Nike Faces $5M Lawsuit Over NFT Losses After RTFKT Shutdown

Generated by AI AgentCoin World
Sunday, Apr 27, 2025 10:57 pm ET2min read

Nike Inc. is facing a proposed class-action lawsuit filed by purchasers of its Nike-themed non-fungible tokens (NFTs) and related crypto assets. The lawsuit, filed in a Brooklyn federal court, alleges that

misled buyers about the security and value of its NFTs, leading to significant financial losses following the abrupt shutdown of Nike’s RTFKT unit in January. The plaintiffs, led by Jagdeep Cheema, argue that Nike’s NFTs constituted unregistered securities and that they would not have purchased them had they been aware of the regulatory risks or the planned closure of RTFKT.

The RTFKT unit, acquired by Nike in 2021, was marketed as a cutting-edge digital fashion brand blending gaming, culture, and innovation. However, Nike announced RTFKT’s winddown, stating that the innovation it fostered would continue through external creators and projects. Plaintiffs are seeking more than $5 million in damages for alleged violations of consumer protection laws in several states. The complaint accuses Nike of "pulling the rug out" from under NFT purchasers and failing to properly register the tokens as securities under US law.

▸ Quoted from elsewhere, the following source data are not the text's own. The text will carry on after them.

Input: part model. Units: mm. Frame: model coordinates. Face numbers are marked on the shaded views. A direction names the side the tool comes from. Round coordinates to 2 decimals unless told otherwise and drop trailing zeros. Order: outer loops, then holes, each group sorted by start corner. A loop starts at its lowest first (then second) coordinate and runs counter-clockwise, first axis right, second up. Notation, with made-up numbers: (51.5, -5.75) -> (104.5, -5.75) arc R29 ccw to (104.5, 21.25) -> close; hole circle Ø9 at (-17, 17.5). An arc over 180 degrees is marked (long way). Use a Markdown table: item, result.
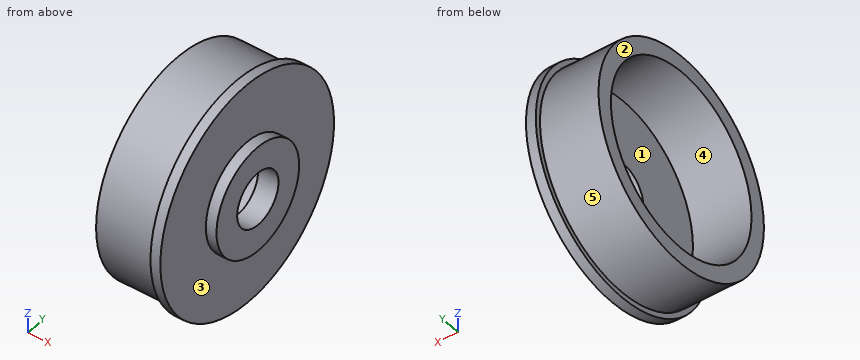
from build123d import *

# Parameters (mm, degrees)
F0_W   = 11
F0_H   = 3
F0_W_2 = 2
F0_H_2 = 5


with BuildPart() as f1:
    # F0 (on Front) → F1 (revolve)
    with BuildSketch(Plane.XZ):
        with Locations((-5.5, 18.5)):
            Rectangle(F0_W, F0_H)
        Polygon((0, 17), (0, 5), (1.85, 5), (1.85, 10), (1.85, 21), (0, 21), (0, 20), align=None)
        with Locations((2.85, 7.5)):
            Rectangle(F0_W_2, F0_H_2)
    revolve(axis=Axis((4.390737, 0, 0), (1, 0, 0)))


solid = f1.part
1) Pin query (flat end, axial travel): pin 1 Ø11.5 at (y, z) = (0, 0) entering from -X; pin 2 Ø5 at (x, z) = (-1, -10.5) entering from -Y; pin 3 Ø1 at (x, z) = (-4.5, -7) entering from -Y. Return the tip coordinate at first contact, or that it passes through.
Results found:
| item | result |
|---|---|
| pin 1 | stops at x = 0 |
| pin 2 | stops at y = -19.33 |
| pin 3 | stops at y = -18.91 |
2) Pull-direction query (Z, two-part tool) for the marked faces 3, 4 and 5; classes: +Z half, -Z half, draft (parallel to the pull), parting line (faces both ways), or undercut.
Results found:
| item | result |
|---|---|
| face 3 | draft |
| face 4 | undercut |
| face 5 | parting line |
3) Cut plane C-C on x = -9.25. Return loops of the section in (y, z).
Results found:
| item | result |
|---|---|
| outline | circle Ø40 at (0, 0); hole circle Ø34 at (0, 0) |
4) Cut plane D-D on z = 13.5. Return loops of the section in (x, y), and give its area (3 significant figures).
Results found:
| item | result |
|---|---|
| outline | (-11, -14.76) -> (0, -14.76) -> (0, -16.09) -> (1.85, -16.09) -> (1.85, 16.09) -> (0, 16.09) -> (0, 14.76) -> (-11, 14.76) -> (-11, 10.33) -> (0, 10.33) -> (0, -10.33) -> (-11, -10.33) -> close |
| area | 157 mm² |
5) Cut plane A-A on y = 0. Return loops of the section in (x, z), and give its area (3 significant figures).
Results found:
| item | result |
|---|---|
| outline | (-11, -20) -> (0, -20) -> (0, -21) -> (1.85, -21) -> (1.85, -10) -> (3.85, -10) -> (3.85, -5) -> (0, -5) -> (0, -17) -> (-11, -17) -> close; (-11, 17) -> (0, 17) -> (0, 5) -> (3.85, 5) -> (3.85, 10) -> (1.85, 10) -> (1.85, 21) -> (0, 21) -> (0, 20) -> (-11, 20) -> close |
| area | 145 mm² |
6) Line query: L1, parallel to Z at x = 1.45, y = 0; L2, parallel to Z at x = 2.35, y = 0; L3, parallel to Y at x = -6.25, z = 0. Output: solid intervals per line, ascending. Write a range as [from, to].
Results found:
| item | result |
|---|---|
| L1 | z = [-21, -5], [5, 21] |
| L2 | z = [-10, -5], [5, 10] |
| L3 | y = [-20, -17], [17, 20] |
7) Set-up query: the marked faces 1 and 2. Return all of +Z, -Z, +X, -X, +Y, -Y with unobstructed straight access to the full face (end or side cutting, diameter ignored); none if empty.
Results found:
| item | result |
|---|---|
| face 1 | -X |
| face 2 | +Z, -Z, -X, +Y, -Y |
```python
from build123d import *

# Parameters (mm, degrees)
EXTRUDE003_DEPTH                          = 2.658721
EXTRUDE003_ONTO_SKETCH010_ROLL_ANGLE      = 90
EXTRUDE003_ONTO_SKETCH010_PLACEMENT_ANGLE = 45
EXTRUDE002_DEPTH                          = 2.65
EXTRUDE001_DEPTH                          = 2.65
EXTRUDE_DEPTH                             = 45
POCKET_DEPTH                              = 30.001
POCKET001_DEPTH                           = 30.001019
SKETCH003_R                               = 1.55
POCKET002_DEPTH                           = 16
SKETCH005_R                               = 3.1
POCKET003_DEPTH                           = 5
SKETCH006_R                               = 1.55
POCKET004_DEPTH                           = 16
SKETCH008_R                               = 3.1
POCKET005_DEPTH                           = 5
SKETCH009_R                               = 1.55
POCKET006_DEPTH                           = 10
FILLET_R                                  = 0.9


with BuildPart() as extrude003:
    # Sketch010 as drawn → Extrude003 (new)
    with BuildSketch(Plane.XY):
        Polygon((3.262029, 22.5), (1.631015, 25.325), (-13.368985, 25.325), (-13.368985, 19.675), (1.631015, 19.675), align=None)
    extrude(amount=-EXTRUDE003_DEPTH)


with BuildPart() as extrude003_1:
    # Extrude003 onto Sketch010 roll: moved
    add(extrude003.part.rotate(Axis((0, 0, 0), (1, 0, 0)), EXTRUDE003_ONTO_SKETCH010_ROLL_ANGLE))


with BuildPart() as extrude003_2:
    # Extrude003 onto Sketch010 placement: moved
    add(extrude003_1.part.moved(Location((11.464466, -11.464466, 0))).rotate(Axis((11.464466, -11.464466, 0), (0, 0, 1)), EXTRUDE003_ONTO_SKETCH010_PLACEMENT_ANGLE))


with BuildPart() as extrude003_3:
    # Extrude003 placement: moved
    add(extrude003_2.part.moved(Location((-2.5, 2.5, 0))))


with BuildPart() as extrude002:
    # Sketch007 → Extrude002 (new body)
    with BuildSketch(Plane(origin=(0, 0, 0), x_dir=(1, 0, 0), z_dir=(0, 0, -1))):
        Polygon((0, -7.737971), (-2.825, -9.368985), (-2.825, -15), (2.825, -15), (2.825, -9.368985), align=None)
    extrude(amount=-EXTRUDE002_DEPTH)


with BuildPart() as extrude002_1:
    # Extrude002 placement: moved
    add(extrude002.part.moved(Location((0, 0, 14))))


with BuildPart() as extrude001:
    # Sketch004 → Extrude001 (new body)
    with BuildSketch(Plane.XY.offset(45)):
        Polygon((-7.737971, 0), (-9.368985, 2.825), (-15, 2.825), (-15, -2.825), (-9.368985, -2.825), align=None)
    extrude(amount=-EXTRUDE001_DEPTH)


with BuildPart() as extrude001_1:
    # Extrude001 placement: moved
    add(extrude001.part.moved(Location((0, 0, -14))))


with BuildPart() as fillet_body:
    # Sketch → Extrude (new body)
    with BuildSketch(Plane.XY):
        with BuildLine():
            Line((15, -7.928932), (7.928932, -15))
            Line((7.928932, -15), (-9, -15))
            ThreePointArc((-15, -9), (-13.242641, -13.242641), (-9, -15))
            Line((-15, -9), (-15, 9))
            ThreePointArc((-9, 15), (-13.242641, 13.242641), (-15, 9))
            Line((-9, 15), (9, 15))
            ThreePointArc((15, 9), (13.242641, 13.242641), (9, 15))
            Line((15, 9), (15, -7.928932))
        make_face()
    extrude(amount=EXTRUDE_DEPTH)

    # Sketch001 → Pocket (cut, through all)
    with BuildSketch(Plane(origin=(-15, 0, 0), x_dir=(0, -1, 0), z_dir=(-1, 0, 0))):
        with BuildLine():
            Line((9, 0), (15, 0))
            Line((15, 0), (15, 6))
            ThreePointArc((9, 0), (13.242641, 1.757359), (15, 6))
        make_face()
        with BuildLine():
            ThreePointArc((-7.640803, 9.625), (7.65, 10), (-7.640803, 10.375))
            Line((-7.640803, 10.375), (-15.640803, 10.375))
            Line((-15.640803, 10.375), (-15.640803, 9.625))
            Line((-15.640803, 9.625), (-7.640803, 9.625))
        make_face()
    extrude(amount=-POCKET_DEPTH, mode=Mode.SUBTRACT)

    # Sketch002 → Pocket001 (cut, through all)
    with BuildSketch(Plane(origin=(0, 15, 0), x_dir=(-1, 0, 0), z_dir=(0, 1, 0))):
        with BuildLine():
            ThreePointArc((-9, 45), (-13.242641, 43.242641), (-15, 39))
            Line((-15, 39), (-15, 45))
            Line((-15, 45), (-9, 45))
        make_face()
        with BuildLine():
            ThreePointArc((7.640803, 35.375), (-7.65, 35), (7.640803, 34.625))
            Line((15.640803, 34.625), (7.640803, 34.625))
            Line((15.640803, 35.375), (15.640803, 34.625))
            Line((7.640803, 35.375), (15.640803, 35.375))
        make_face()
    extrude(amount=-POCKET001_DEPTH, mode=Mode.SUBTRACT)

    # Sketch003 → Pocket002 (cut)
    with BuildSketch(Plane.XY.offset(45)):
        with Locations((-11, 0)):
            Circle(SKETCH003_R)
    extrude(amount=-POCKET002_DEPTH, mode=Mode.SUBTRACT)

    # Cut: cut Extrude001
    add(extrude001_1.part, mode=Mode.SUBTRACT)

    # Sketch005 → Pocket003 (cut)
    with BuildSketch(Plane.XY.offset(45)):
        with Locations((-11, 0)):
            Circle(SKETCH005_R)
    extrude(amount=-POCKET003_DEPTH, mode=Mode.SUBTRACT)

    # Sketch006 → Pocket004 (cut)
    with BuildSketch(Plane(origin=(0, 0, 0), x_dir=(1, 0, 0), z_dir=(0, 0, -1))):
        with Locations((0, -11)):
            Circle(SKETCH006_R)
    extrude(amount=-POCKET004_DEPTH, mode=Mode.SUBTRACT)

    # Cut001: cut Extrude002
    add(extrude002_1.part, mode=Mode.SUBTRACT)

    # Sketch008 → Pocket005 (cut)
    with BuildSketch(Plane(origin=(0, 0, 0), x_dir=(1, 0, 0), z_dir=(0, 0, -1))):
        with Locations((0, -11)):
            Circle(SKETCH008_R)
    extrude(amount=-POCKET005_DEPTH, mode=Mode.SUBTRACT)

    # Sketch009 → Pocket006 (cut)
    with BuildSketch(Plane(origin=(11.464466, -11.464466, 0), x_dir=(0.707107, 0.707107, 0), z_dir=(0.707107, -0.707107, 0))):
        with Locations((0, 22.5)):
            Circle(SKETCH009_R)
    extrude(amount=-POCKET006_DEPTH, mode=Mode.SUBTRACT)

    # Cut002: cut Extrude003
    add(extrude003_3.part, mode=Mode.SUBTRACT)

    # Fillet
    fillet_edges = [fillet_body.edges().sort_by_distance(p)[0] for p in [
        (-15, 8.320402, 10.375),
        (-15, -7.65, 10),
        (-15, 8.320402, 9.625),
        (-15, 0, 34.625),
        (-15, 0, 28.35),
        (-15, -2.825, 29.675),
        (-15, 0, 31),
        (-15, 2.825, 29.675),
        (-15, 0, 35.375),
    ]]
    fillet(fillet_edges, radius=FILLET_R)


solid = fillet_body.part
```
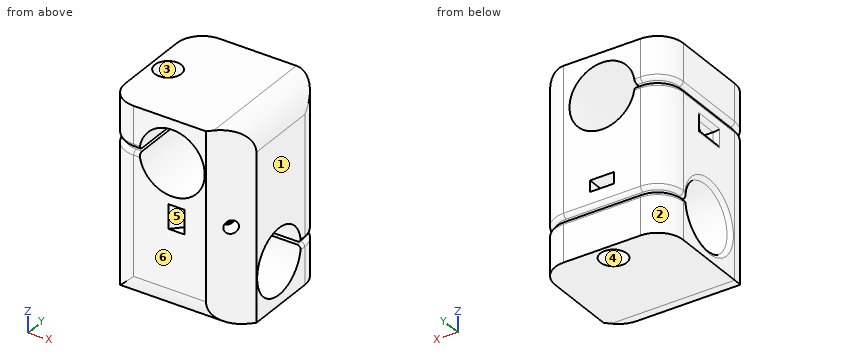
Could you check a few things on this model? Use its own coordinates, in mm. Face numbers are marked on the shaded views. A direction names the side the tool comes from. Coordinates: 2 decimals unless noted, no trailing zeros. Write each loop counter-clockwise with the first axis right and the second up, starting at its lowest first coordinate (ties: lowest second). Pieces come first, ordered by that corner, then holes. Notation, with made-up numbers: (58.25, -7) -> (67.25, -7) arc R19 ccw to (67.25, -2) -> close; hole circle Ø3 at (12.25, 30.5). An arc over 180 degrees is marked (long way). Write item = value, one per line. Start each with the question number.
(1) Will these pins go through, and if not, where does the flat tip stop? pin 1 (5 mm diameter, centred on x = 0, y = 11, fed in from -Z); pin 2 (2 mm diameter, centred on x = -11.5, z = 29.5, fed in from +Y); pin 3 (8 mm diameter, centred on y = 10, z = 17.5, fed in from -X); pin 4 (5 mm diameter, centred on x = -11, y = 0, fed in from +Z).
(2) Which directions (+Z, -Z, +X, -X, +Y, -Y) give clear straight access to the entire face, cutting with the end or side of a thin tool? Please do the marked faces 4, 5 and 6.
(3) I want a section at B-B (y = 11). Give the number of separate pieces and of enclosed holes in the cut face, plus the area to 3 significant figures.
(4) I need wall thicknesses on line 1 (Z direction, x = -13, y = -3) (3 decimals); line 2 (Z direction, x = 3, y = -6); line 3 (X direction, y = -11, z = 25). Which ranges of each line are inside material? Lowest first, please. Write a range as [from, to].
(5) We'd pull the mould along Y, two halves only. Please class the marked faces 1, 2 and 3: released by +Y, released by -Y, zero draft, split by the parting line, or undercut.
(6) I want a section at A-A (x = -4). Please give me the cut outline in (y, z) (3 decimals).
Result set:
q1.pin_1 = 5
q1.pin_2 = 14.81
q1.pin_3 = -15
q1.pin_4 = 40
q2.face_4 = -Z
q2.face_5 = none
q2.face_6 = +Z, -Z, +X, -X, -Y
q3.separate_pieces = 3
q3.enclosed_holes = 0
q3.area = 1,030 mm2
q4.line_1 = [0, 2.963], [17.037, 34.625], [35.375, 45]
q4.line_2 = [0, 5.25], [14.75, 27.96], [42.04, 45]
q4.line_3 = [-14.66, 3.17], [6.93, 11.93]
q5.face_1 = zero draft
q5.face_2 = released by +Y
q5.face_3 = undercut
q6.outline = (-15, 6) arc R6 ccw to (-9, 0) -> (15, 0) -> (15, 8.725) arc R0.9 ccw to (14.1, 9.625) -> (7.641, 9.625) arc R7.65 cw (long way) to (7.641, 10.375) -> (14.1, 10.375) arc R0.9 ccw to (15, 11.275) -> (15, 28.479) -> (-15, 28.479) -> close; (-15, 41.521) -> (15, 41.521) -> (15, 45) -> (-15, 45) -> close

The lawsuit claims that Nike capitalized on the crypto boom to drive NFT sales, with investors purchasing the NFTs in the hope that they would increase in value due to Nike's backing. The abrupt shutdown of RTFKT has caused significant losses to NFT investors, further complicating the regulatory landscape for digital assets. Nike did not immediately respond to a request for comment.

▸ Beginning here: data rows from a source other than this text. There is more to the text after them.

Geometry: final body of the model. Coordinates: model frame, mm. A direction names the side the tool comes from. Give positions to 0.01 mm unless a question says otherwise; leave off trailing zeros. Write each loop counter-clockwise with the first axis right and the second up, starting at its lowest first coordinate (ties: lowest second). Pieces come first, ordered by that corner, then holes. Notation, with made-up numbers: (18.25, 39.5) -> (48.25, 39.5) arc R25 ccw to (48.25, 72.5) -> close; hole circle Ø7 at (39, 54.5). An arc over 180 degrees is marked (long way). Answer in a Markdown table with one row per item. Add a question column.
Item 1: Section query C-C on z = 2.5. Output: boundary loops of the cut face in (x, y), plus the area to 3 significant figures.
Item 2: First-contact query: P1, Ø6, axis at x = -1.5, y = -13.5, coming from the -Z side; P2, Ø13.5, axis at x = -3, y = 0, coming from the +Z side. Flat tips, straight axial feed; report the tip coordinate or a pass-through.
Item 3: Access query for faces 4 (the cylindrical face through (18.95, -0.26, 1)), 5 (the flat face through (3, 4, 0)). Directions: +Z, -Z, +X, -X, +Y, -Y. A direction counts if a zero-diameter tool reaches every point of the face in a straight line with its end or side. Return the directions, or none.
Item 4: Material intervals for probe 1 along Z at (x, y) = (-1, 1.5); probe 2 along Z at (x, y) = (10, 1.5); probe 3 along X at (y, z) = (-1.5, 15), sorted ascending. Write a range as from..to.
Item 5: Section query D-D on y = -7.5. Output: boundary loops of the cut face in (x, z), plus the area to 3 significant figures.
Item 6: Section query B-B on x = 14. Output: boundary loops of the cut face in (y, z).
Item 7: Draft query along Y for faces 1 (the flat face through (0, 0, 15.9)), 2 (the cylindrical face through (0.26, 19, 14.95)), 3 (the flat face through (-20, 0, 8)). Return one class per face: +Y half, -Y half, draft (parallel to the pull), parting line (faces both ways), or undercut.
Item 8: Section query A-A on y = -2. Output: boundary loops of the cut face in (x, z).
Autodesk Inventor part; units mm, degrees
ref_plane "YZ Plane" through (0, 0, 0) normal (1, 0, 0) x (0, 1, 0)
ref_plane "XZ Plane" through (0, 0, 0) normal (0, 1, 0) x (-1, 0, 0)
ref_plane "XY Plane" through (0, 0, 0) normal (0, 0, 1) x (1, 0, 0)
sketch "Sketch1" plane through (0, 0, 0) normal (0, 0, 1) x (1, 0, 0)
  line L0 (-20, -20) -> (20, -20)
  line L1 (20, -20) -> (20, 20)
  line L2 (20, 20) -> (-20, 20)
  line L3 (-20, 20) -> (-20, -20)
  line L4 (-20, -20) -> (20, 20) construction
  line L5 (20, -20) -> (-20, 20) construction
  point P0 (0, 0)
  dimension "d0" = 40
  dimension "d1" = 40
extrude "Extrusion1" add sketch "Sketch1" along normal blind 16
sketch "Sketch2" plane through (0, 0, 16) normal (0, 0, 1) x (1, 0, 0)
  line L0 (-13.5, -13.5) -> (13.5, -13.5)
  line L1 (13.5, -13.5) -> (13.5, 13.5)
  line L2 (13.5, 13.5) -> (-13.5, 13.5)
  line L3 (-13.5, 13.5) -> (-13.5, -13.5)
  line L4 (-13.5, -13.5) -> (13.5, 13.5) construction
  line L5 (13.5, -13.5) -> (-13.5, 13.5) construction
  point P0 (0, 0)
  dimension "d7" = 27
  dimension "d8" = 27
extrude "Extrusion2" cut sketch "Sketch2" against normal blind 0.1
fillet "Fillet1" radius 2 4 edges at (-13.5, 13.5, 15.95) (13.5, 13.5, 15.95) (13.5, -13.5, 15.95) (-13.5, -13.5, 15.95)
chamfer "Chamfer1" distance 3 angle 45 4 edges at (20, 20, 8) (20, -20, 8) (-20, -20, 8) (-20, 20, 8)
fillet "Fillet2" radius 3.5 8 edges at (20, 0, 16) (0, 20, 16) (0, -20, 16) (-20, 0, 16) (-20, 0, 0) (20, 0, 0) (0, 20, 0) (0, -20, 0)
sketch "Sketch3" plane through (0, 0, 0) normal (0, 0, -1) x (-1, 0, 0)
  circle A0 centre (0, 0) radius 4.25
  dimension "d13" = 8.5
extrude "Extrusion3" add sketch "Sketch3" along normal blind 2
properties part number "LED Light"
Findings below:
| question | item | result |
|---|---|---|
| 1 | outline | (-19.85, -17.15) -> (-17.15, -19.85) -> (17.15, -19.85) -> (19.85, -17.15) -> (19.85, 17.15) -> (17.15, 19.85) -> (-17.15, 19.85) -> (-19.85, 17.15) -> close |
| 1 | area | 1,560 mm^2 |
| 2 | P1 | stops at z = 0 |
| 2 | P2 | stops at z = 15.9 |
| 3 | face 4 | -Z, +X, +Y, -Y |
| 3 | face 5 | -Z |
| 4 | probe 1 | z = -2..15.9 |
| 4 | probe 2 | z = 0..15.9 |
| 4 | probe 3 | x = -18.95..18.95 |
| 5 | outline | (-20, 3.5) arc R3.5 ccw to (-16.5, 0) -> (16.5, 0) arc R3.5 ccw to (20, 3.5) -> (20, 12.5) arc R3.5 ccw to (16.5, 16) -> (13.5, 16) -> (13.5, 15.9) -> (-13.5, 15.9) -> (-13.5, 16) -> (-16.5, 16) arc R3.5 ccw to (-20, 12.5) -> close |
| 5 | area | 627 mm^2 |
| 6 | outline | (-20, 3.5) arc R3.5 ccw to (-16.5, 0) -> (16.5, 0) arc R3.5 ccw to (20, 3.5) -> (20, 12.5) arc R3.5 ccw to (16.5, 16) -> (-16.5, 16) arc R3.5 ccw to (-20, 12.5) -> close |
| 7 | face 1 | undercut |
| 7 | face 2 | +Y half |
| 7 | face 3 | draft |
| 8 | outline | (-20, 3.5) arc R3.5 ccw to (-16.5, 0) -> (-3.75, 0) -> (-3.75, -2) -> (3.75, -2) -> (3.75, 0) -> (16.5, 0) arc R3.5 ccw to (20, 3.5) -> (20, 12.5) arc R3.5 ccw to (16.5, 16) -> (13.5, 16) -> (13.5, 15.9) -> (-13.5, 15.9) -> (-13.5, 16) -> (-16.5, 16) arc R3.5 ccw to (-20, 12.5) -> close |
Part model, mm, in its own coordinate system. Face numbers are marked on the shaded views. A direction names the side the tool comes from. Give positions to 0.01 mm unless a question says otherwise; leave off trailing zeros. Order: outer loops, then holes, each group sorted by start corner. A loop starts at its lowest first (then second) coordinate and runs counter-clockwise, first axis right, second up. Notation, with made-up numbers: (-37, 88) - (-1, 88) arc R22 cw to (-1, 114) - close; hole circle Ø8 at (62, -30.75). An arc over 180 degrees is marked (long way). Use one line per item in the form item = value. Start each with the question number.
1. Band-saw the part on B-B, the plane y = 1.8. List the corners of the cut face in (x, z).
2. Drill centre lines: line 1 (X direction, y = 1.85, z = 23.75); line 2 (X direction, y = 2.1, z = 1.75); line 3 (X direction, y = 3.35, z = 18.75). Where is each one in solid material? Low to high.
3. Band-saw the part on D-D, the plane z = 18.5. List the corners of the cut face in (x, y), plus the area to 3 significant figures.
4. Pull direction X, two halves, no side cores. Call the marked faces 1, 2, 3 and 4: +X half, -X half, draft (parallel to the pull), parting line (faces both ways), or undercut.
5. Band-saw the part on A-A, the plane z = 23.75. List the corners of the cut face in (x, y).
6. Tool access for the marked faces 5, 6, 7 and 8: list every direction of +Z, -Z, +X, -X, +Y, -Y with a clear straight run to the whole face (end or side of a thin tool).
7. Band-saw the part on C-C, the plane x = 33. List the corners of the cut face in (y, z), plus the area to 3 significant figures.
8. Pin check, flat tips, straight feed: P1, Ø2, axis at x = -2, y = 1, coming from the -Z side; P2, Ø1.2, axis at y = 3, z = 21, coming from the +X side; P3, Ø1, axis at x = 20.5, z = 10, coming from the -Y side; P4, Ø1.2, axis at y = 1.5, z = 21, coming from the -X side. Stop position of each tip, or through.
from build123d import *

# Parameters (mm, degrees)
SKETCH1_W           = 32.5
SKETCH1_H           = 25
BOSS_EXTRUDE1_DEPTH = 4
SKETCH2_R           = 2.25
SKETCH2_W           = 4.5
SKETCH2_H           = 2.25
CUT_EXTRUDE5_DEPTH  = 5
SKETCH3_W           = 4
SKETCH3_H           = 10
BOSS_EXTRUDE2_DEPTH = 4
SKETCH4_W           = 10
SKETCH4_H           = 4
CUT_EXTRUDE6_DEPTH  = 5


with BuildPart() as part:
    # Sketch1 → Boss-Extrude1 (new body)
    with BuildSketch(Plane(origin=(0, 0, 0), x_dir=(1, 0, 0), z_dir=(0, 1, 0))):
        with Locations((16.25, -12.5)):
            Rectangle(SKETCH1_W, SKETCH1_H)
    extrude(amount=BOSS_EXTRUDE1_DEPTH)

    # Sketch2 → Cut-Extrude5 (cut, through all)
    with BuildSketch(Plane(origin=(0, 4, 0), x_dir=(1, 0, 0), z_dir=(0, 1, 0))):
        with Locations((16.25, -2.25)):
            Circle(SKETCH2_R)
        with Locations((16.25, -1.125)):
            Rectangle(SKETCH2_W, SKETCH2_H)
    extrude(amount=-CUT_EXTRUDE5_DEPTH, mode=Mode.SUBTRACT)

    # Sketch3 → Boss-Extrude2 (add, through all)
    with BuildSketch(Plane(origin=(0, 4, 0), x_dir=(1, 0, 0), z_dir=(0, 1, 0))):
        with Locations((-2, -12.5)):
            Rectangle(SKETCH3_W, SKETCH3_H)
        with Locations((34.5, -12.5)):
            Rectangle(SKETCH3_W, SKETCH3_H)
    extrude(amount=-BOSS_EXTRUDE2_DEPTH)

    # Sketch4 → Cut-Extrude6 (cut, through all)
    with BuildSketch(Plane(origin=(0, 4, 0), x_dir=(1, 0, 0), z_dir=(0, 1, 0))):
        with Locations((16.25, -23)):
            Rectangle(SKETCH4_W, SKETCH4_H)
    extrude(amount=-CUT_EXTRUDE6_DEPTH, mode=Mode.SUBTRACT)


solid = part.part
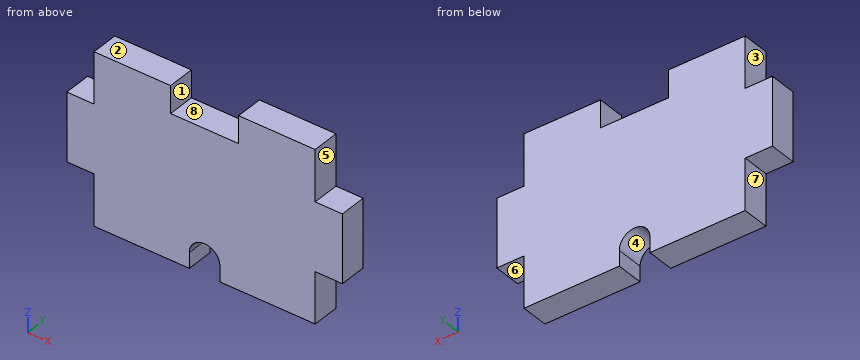
From the geometry:
q1.outline = (-4, 7.5) - (0, 7.5) - (0, 0) - (14, 0) - (14, 2.25) arc R2.25 cw to (18.5, 2.25) - (18.5, 0) - (32.5, 0) - (32.5, 7.5) - (36.5, 7.5) - (36.5, 17.5) - (32.5, 17.5) - (32.5, 25) - (21.25, 25) - (21.25, 21) - (11.25, 21) - (11.25, 25) - (0, 25) - (0, 17.5) - (-4, 17.5) - close
q2.line_1 = 0 to 11.25, 21.25 to 32.5
q2.line_2 = 0 to 14, 18.5 to 32.5
q2.line_3 = 0 to 32.5
q3.outline = (0, 0) - (32.5, 0) - (32.5, 4) - (0, 4) - close
q3.area = 130 mm²
q4.face_1 = undercut
q4.face_2 = draft
q4.face_3 = -X half
q4.face_4 = undercut
q5.outline = (0, 0) - (11.25, 0) - (11.25, 4) - (0, 4) - close; (21.25, 0) - (32.5, 0) - (32.5, 4) - (21.25, 4) - close
q6.face_5 = +Z, +X, +Y, -Y
q6.face_6 = -Z, +X, +Y, -Y
q6.face_7 = -Z, -X, +Y, -Y
q6.face_8 = +Z, +Y, -Y
q7.outline = (0, 7.5) - (4, 7.5) - (4, 17.5) - (0, 17.5) - close
q7.area = 40.0 mm²
q8.P1 = 7.5
q8.P2 = 32.5
q8.P3 = 0
q8.P4 = 0

In its case against Nike, the class group said that the court doesn’t necessarily need to rule on the legal status of NFTs to address the complaint. The legal status of NFTs remains unsettled, with several lawsuits nationwide questioning whether digital collectibles should be regulated as securities. This case reignites the debate on the legal classification of NFTs and the responsibilities of companies that issue them.

According to the complaint, holders of the resulting Nike NFTs were told the tokens could be traded peer-to-peer on the secondary market and used to complete challenges and quests that could lead to rewards. Nike’s crypto kick NFT collection was changing hands for an average of 3.5 Ether (ETH), or around $8,000 when they were first listed on April 18, 2022, but were trading for around 0.009 Ether, or roughly $16 as of April 21. Nike shut down RTFKT in January, which the class suit claims decimated investors when “prices plunged and did not recover,” and also took away the chance to take part in the challenges and quests, which the group argued was a primary reason for purchasing the tokens.

Nike’s NFTs have seen a sharp drop in value since they were first listed. The overall NFT market dropped sharply in the first quarter of 2025, with sales plunging year-over-year. The lawsuit asks for $5 million in damages, claiming Nike broke consumer protection laws and violated various state unfair trade and competition laws. The class suit claimed investors suffered damages due to Nike shutting its NFT platform.